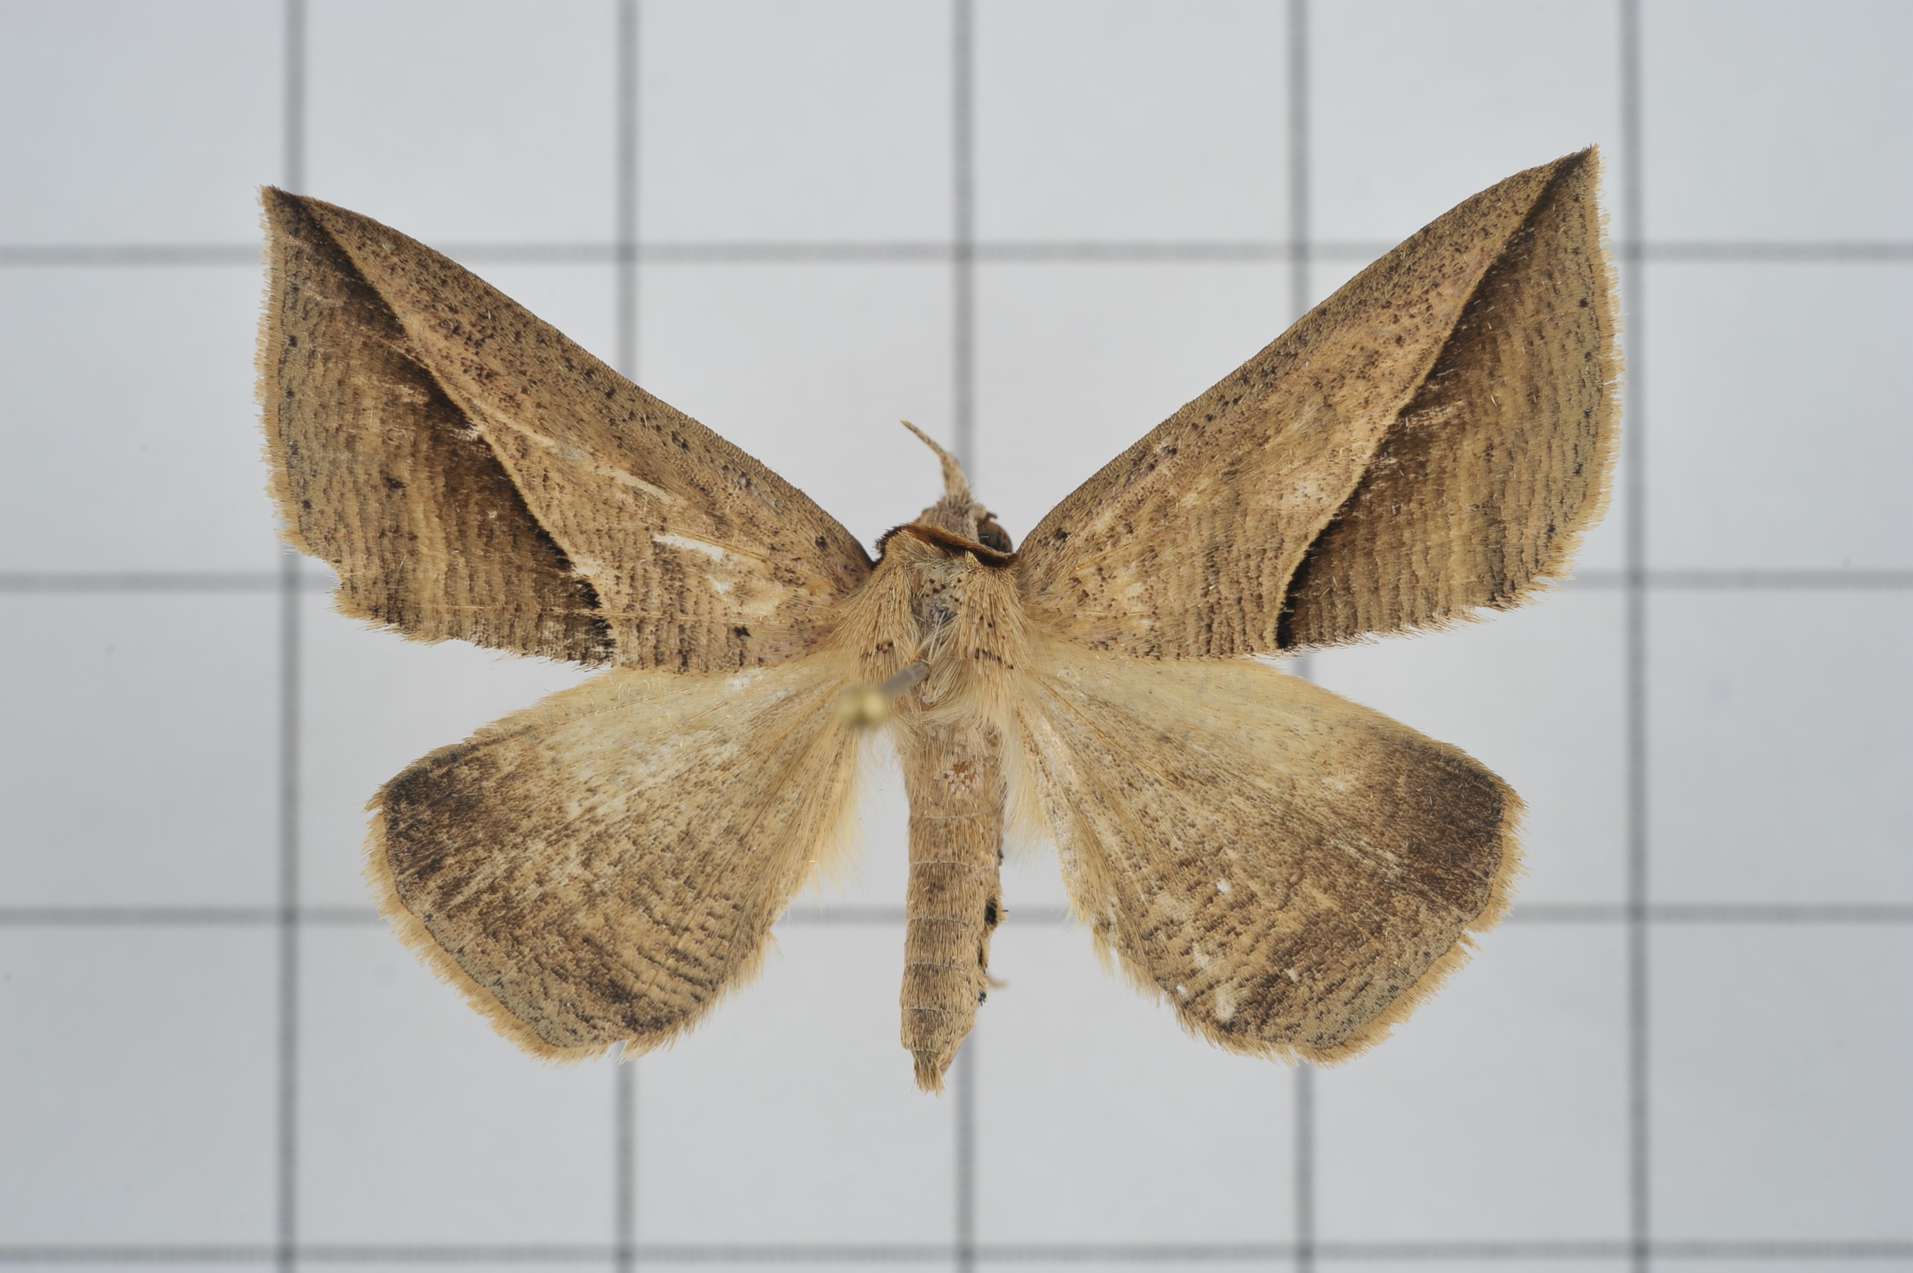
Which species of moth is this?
Dierna strigata
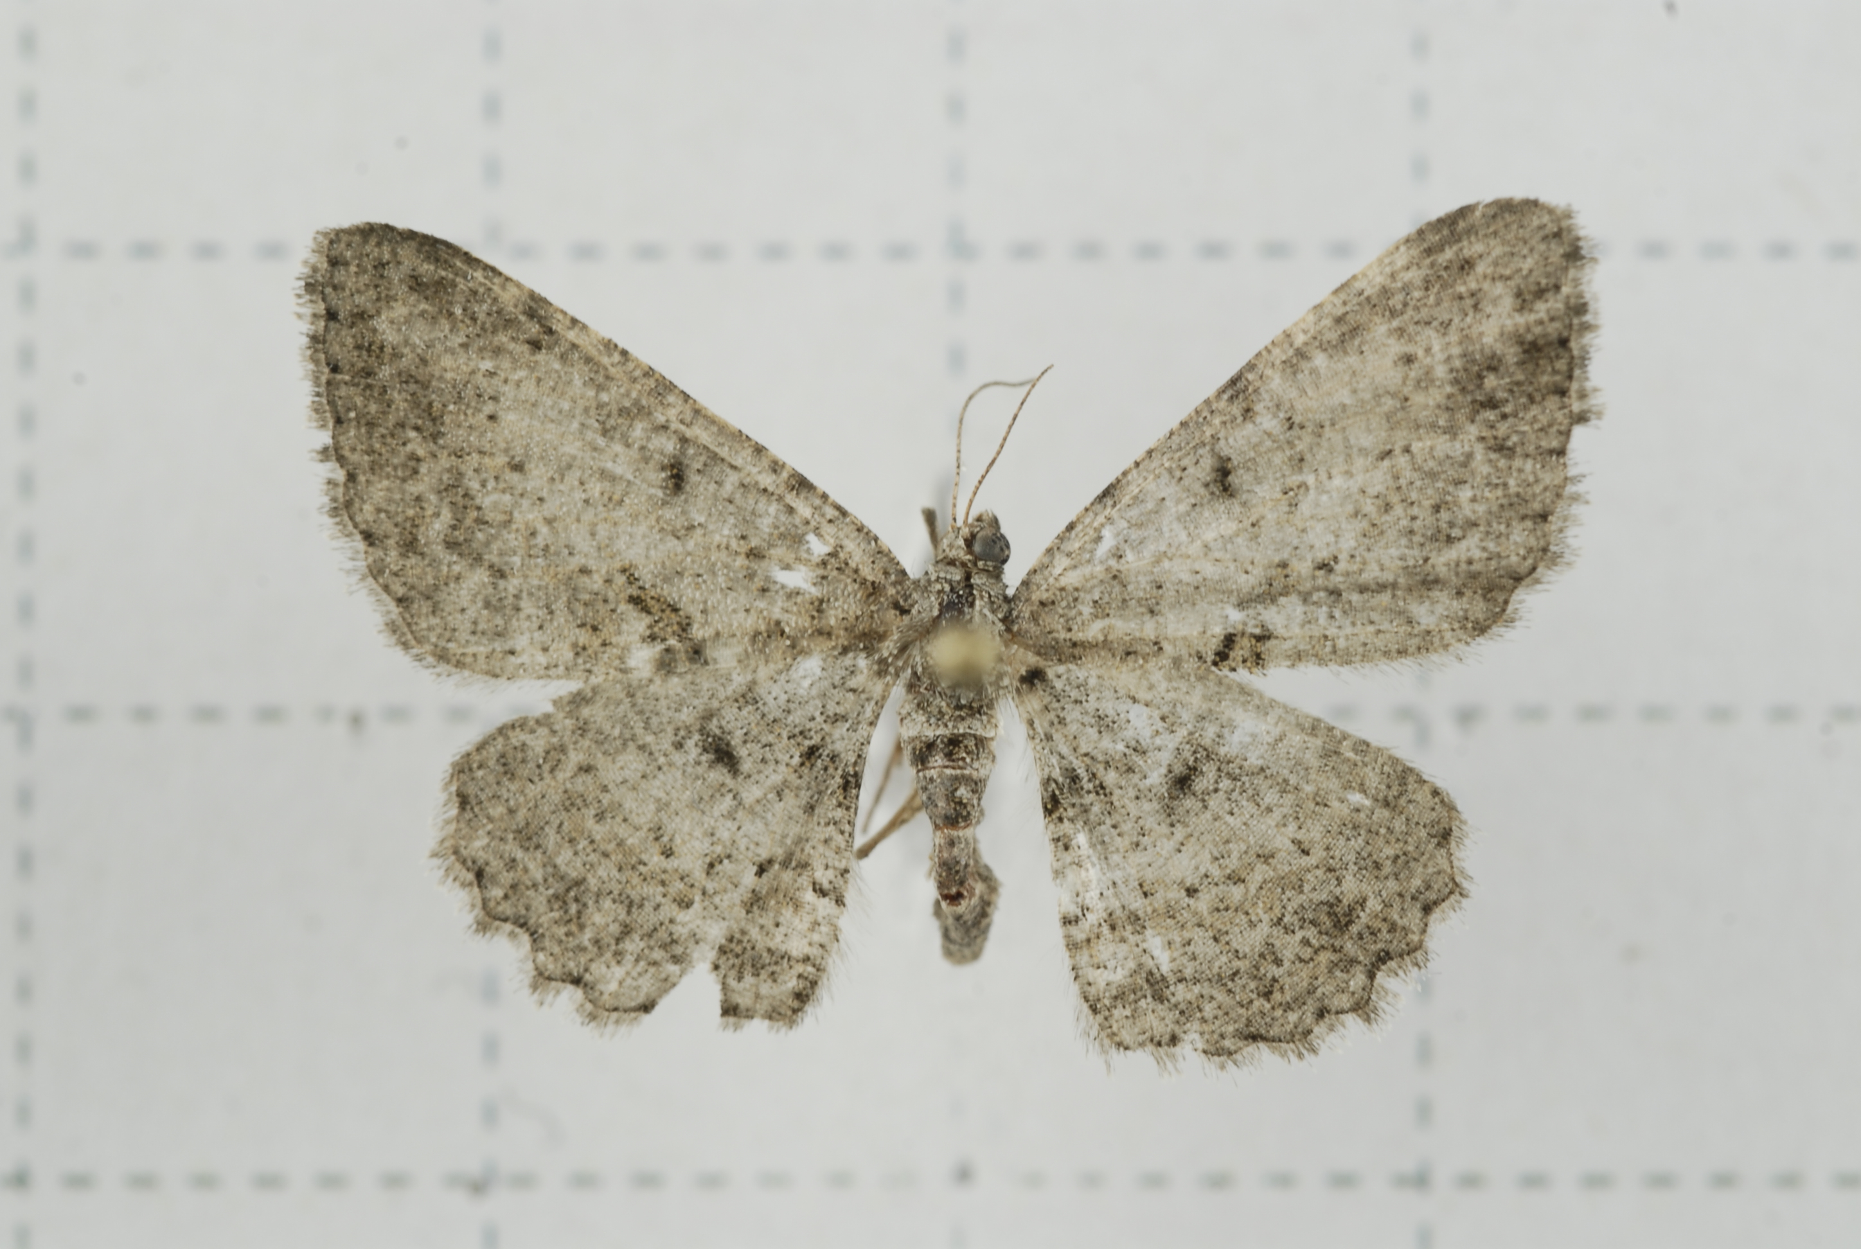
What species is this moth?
Psilalcis breta rantaizana
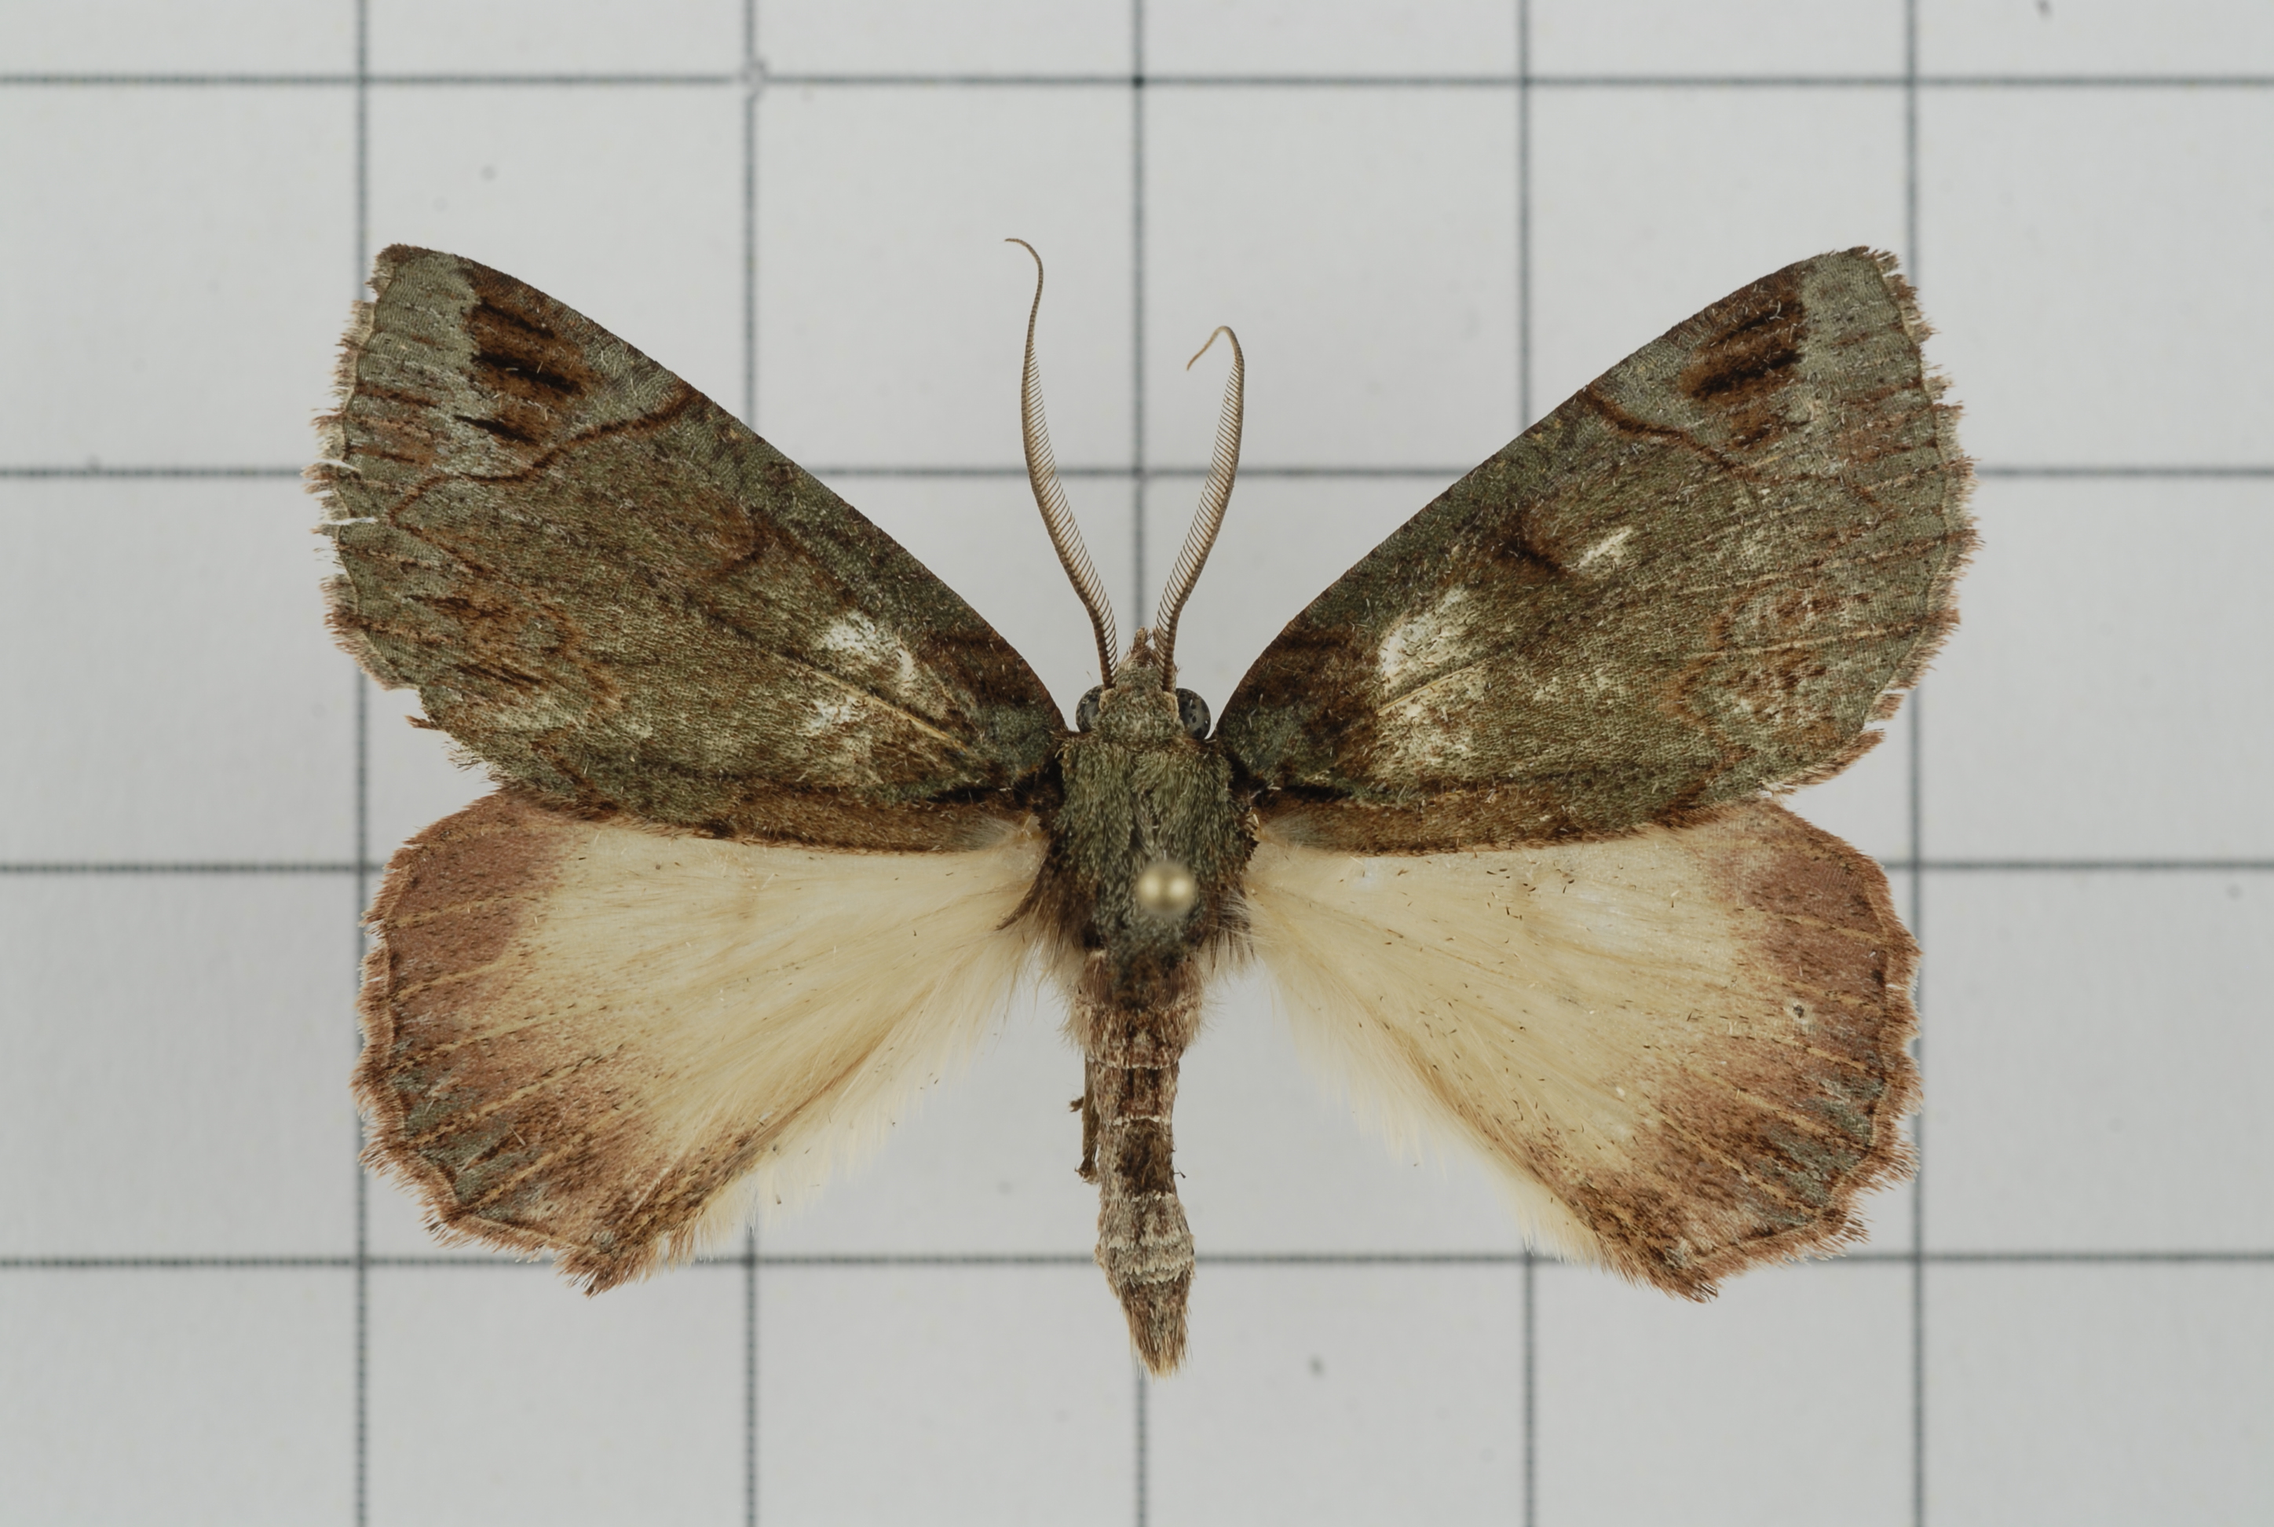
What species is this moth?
Dindica purpurata
========
### Task objective
Output the records above unchanged, minus their pictures.

### Solution
Which species of moth is this?
Dierna strigata
What species is this moth?
Psilalcis breta rantaizana
What species is this moth?
Dindica purpurata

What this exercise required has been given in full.